PROBLEM DETAILS
Among the records that follow, find the line with "Page size: 875x1241." and the line with "For every layout". Set down those lines and all lines between them exactly, without adding anything.

DATA SHOWN
▬▬▬

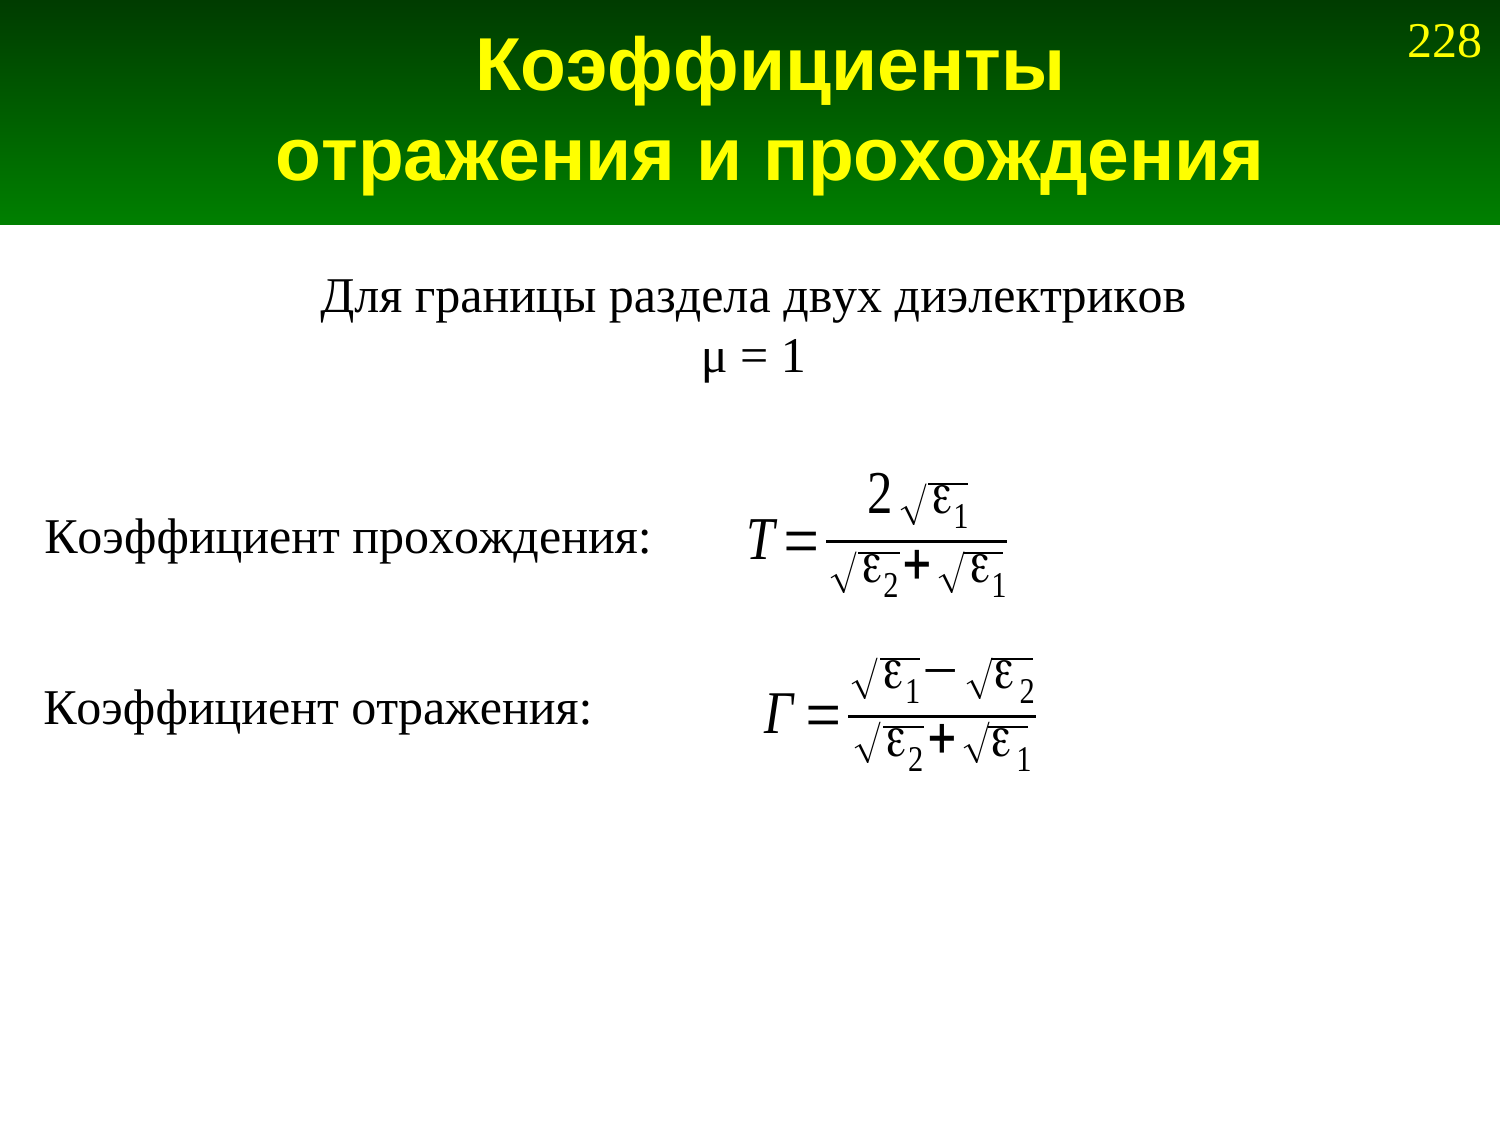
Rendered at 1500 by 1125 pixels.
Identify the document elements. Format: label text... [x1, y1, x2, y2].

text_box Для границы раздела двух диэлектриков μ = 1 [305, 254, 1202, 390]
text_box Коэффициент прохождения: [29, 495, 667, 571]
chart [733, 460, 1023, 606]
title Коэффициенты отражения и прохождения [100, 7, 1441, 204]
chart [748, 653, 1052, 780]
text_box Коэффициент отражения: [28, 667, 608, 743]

▬▬▬

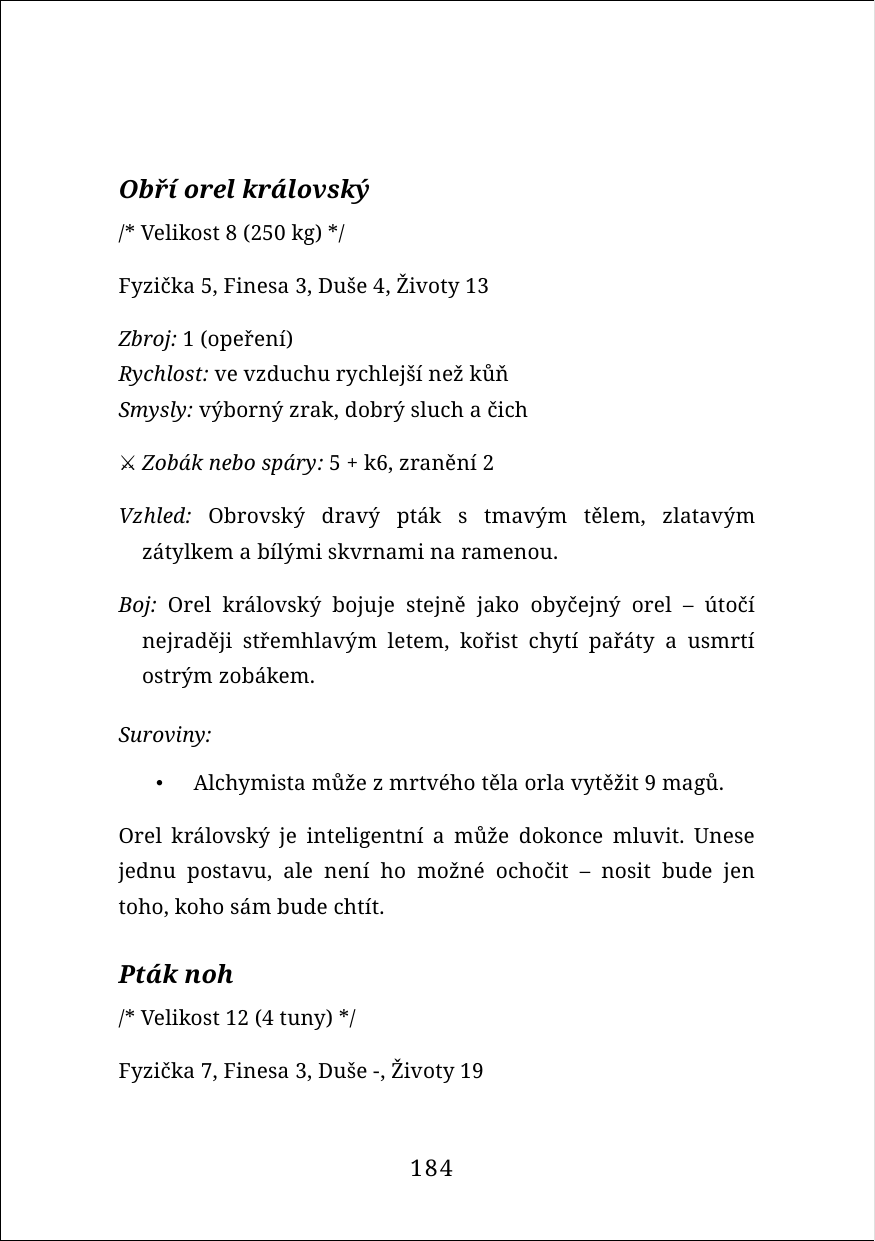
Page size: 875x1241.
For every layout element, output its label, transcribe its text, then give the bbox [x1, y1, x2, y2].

▬▬▬

TASK OUTPUT
Page size: 875x1241.
For every layout element, output its label, transcribe its text, then give the bbox [x1, y1, x2, y2].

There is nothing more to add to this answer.